Tragedy spurs Muslim student’s effort to bring understanding

By Fariss Samarrai

The Twin Towers fell one month after Zeenat Iqbal arrived at U.Va. as a third-year commerce student from India.

“My God,” she thought.

Zeenat Iqbal
Photo by Andrew Shurtleff
“Islam is peace,” says Zeenat Iqbal.

She immediately sent an e-mail to her sister in New York City.

Her sister was OK.

Iqbal’s next thought was, “Please don’t let them blame the Muslims.” Enough horror had been committed in the name of her religion.

That Friday Iqbal went to the Muslim mosque in Charlottesville and prayed for the victims. She had to do something. And she realized that doing something included speaking about her religion to anybody who would listen.

“Islam is peace,” Iqbal said. “That is how I have always known it.”

But people were asking her, “‘What is jihad, and why would anybody use religion to kill themselves and other people?’”

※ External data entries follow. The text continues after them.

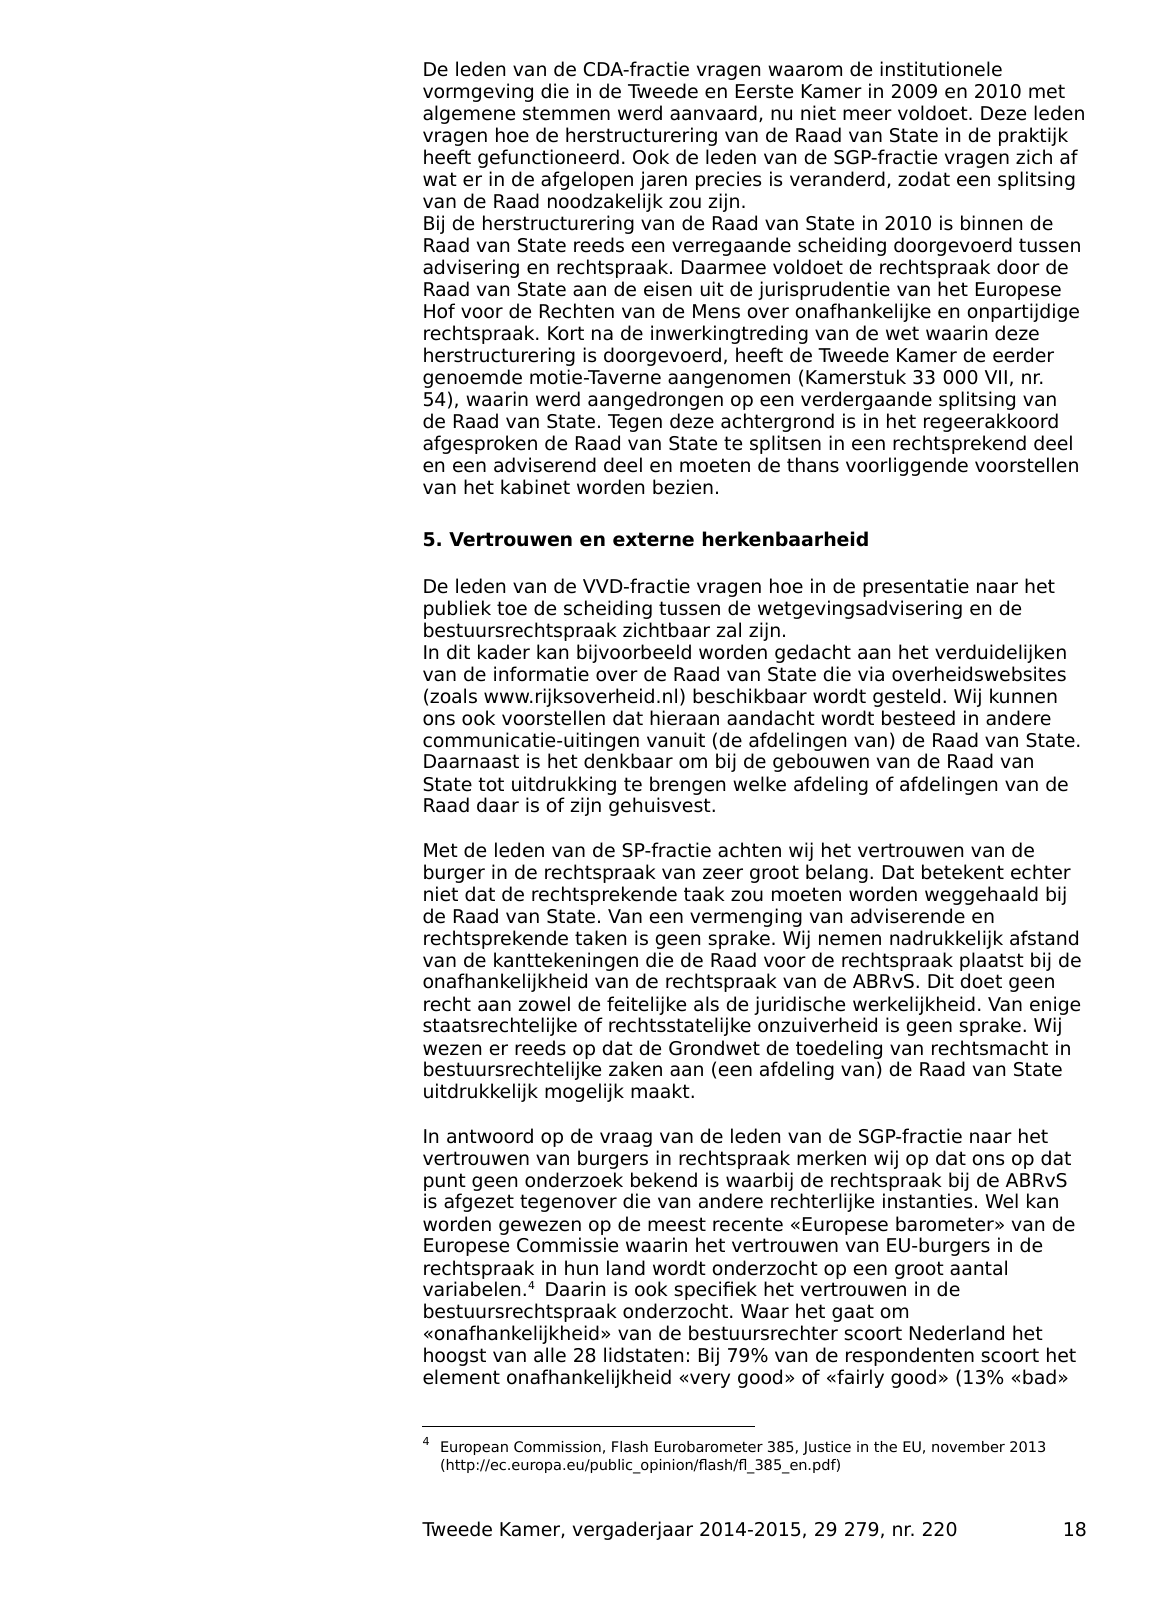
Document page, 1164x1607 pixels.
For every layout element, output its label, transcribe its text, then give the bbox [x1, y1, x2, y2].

text In antwoord op de vraag van de leden van de SGP-fractie naar het vertrouwen van burgers in rechtspraak merken wij op dat ons op dat punt geen onderzoek bekend is waarbij de rechtspraak bij de ABRvS is afgezet tegenover die van andere rechterlijke instanties. Wel kan worden gewezen op de meest recente «Europese barometer» van de Europese Commissie waarin het vertrouwen van EU-burgers in de rechtspraak in hun land wordt onderzocht op een groot aantal variabelen. Daarin is ook specifiek het vertrouwen in de bestuursrechtspraak onderzocht. Waar het gaat om «onafhankelijkheid» van de bestuursrechter scoort Nederland het hoogst van alle 28 lidstaten: Bij 79% van de respondenten scoort het element onafhankelijkheid «very good» of «fairly good» (13% «bad» [422, 1126, 1087, 1389]
text Bij de herstructurering van de Raad van State in 2010 is binnen de Raad van State reeds een verregaande scheiding doorgevoerd tussen advisering en rechtspraak. Daarmee voldoet de rechtspraak door de Raad van State aan de eisen uit de jurisprudentie van het Europese Hof voor de Rechten van de Mens over onafhankelijke en onpartijdige rechtspraak. Kort na de inwerkingtreding van de wet waarin deze herstructurering is doorgevoerd, heeft de Tweede Kamer de eerder genoemde motie-Taverne aangenomen (Kamerstuk 33 000 VII, nr. 54), waarin werd aangedrongen op een verdergaande splitsing van de Raad van State. Tegen deze achtergrond is in het regeerakkoord afgesproken de Raad van State te splitsen in een rechtsprekend deel en een adviserend deel en moeten de thans voorliggende voorstellen van het kabinet worden bezien. [422, 213, 1087, 499]
text De leden van de CDA-fractie vragen waarom de institutionele vormgeving die in de Tweede en Eerste Kamer in 2009 en 2010 met algemene stemmen werd aanvaard, nu niet meer voldoet. Deze leden vragen hoe de herstructurering van de Raad van State in de praktijk heeft gefunctioneerd. Ook de leden van de SGP-fractie vragen zich af wat er in de afgelopen jaren precies is veranderd, zodat een splitsing van de Raad noodzakelijk zou zijn. [422, 59, 1087, 213]
text European Commission, Flash Eurobarometer 385, Justice in the EU, november 2013 (http://ec.europa.eu/public_opinion/flash/fl_385_en.pdf) [422, 1435, 1087, 1474]
text In dit kader kan bijvoorbeeld worden gedacht aan het verduidelijken van de informatie over de Raad van State die via overheidswebsites (zoals www.rijksoverheid.nl) beschikbaar wordt gesteld. Wij kunnen ons ook voorstellen dat hieraan aandacht wordt besteed in andere communicatie-uitingen vanuit (de afdelingen van) de Raad van State. Daarnaast is het denkbaar om bij de gebouwen van de Raad van State tot uitdrukking te brengen welke afdeling of afdelingen van de Raad daar is of zijn gehuisvest. [422, 642, 1087, 817]
subtitle 5. Vertrouwen en externe herkenbaarheid [422, 529, 1087, 551]
text Met de leden van de SP-fractie achten wij het vertrouwen van de burger in de rechtspraak van zeer groot belang. Dat betekent echter niet dat de rechtsprekende taak zou moeten worden weggehaald bij de Raad van State. Van een vermenging van adviserende en rechtsprekende taken is geen sprake. Wij nemen nadrukkelijk afstand van de kanttekeningen die de Raad voor de rechtspraak plaatst bij de onafhankelijkheid van de rechtspraak van de ABRvS. Dit doet geen recht aan zowel de feitelijke als de juridische werkelijkheid. Van enige staatsrechtelijke of rechtsstatelijke onzuiverheid is geen sprake. Wij wezen er reeds op dat de Grondwet de toedeling van rechtsmacht in bestuursrechtelijke zaken aan (een afdeling van) de Raad van State uitdrukkelijk mogelijk maakt. [422, 839, 1087, 1103]
text De leden van de VVD-fractie vragen hoe in de presentatie naar het publiek toe de scheiding tussen de wetgevingsadvisering en de bestuursrechtspraak zichtbaar zal zijn. [422, 576, 1087, 642]

With time, she eventually would answer, “People who would kill in the name of Islam have a misunderstanding of the meaning of the religion. They are taking passages from the Quran out of context.”

The Islam Iqbal knows is about one God, justice and equality. It is her moral foundation, the comforting and familiar ground she seeks in a difficult world.
“In India I took my religion for granted,” she said. “But here I turned toward it to support myself and the morals I was brought up with, and it has helped me to focus on succeeding here. I practice my religion in my daily life.”

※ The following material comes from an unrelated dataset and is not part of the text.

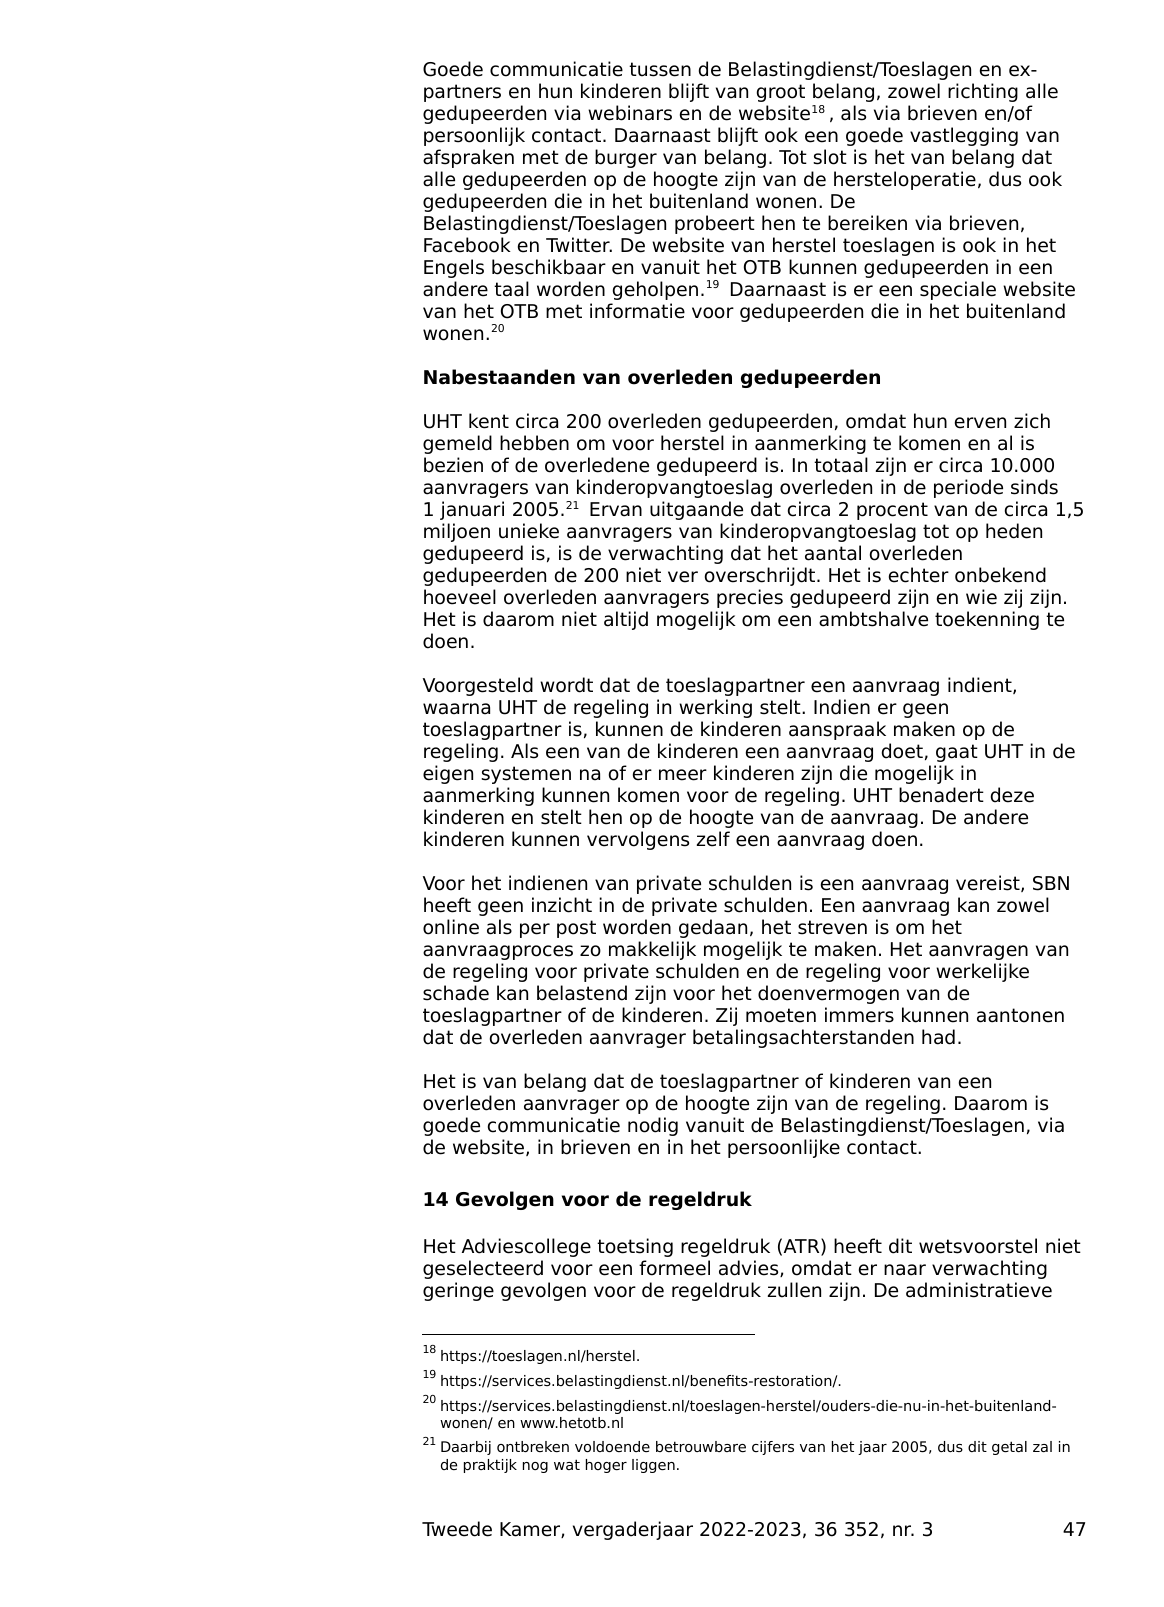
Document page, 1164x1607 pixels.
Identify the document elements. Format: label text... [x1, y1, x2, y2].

Iqbal has found many friends at U.Va., both Muslim and non-Muslim Americans and other international students. She joined the Muslim Students Association, which she said is dedicated to bringing understanding between the religions, and she has worked on a number of interfaith projects toward this purpose.

Iqbal said her friends have bescome her family here, filling the vacuum of life away from home.

“U.Va. has been so supportive to the Muslim community,” she said. “The administration and University Police have been protective, and the teach-ins have been helpful. People want to understand Islam and are seeking to learn more.”

Iqbal said events of the last couple of years have changed her own goals. She has since taken several history and religious studies courses and hopes to attend law school.

“I want to help bring about a great understanding among peoples,” she said.